Extracted records →
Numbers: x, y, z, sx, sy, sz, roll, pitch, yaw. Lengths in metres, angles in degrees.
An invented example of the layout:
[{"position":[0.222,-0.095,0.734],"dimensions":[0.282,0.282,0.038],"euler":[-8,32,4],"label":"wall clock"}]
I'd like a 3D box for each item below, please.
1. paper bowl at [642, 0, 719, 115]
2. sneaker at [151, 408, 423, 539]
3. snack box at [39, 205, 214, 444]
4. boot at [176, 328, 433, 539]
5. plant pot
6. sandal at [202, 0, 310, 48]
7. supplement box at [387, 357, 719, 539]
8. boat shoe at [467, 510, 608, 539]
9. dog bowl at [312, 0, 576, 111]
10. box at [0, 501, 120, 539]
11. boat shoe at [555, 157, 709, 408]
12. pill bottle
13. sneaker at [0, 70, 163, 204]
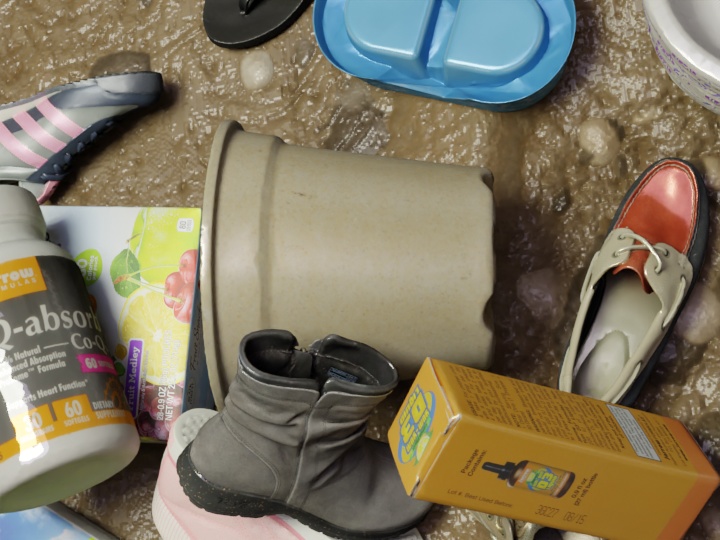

BRIEF →
Return each full line of the entries that contains the word "boat".

WRITTEN SOLUTION →
8. boat shoe at [467, 510, 608, 539]
11. boat shoe at [555, 157, 709, 408]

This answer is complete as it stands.